Every record below is to be restated word for word, and no picture is to be copied.

Data records
Segment Open

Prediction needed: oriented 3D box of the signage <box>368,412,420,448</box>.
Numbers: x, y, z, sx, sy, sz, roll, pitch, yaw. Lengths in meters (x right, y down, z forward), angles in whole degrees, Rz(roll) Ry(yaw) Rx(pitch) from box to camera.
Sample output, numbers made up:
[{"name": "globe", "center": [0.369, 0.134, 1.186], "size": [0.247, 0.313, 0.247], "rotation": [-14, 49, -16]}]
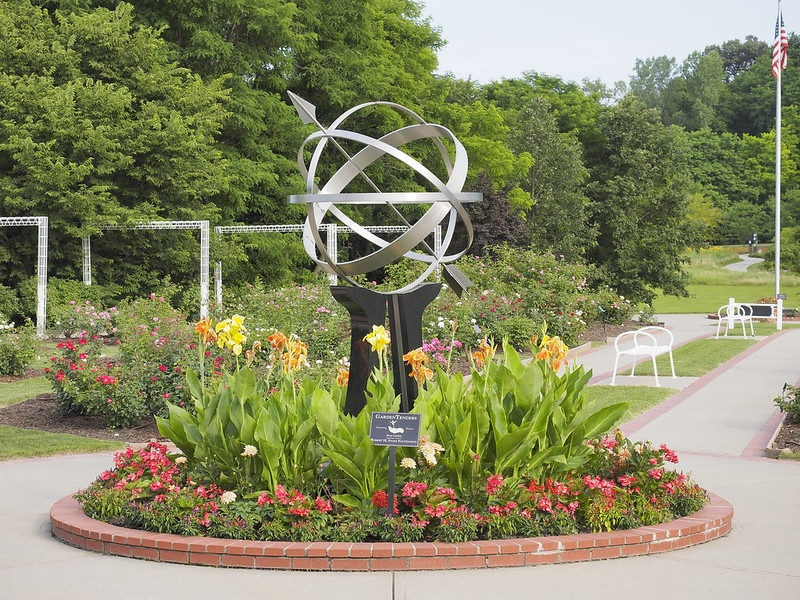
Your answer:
[{"name": "signage", "center": [-0.067, 1.477, 12.345], "size": [0.421, 0.282, 0.042], "rotation": [4, -7, 0]}]

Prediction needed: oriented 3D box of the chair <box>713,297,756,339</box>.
[{"name": "chair", "center": [10.655, 0.591, 34.510], "size": [1.048, 1.297, 0.994], "rotation": [0, -6, 1]}]

Segment Closed

● **RESULT FOR THIS TASK**:
Prediction needed: oriented 3D box of the signage <box>368,412,420,448</box>.
Numbers: x, y, z, sx, sy, sz, roll, pitch, yaw. Lengths in meters (x right, y down, z forward), angles in whole degrees, Rz(roll) Ry(yaw) Rx(pitch) from box to camera.
Sample output, numbers made up:
[{"name": "globe", "center": [0.369, 0.134, 1.186], "size": [0.247, 0.313, 0.247], "rotation": [-14, 49, -16]}]
Your answer:
[{"name": "signage", "center": [-0.067, 1.477, 12.345], "size": [0.421, 0.282, 0.042], "rotation": [4, -7, 0]}]

Prediction needed: oriented 3D box of the chair <box>713,297,756,339</box>.
[{"name": "chair", "center": [10.655, 0.591, 34.510], "size": [1.048, 1.297, 0.994], "rotation": [0, -6, 1]}]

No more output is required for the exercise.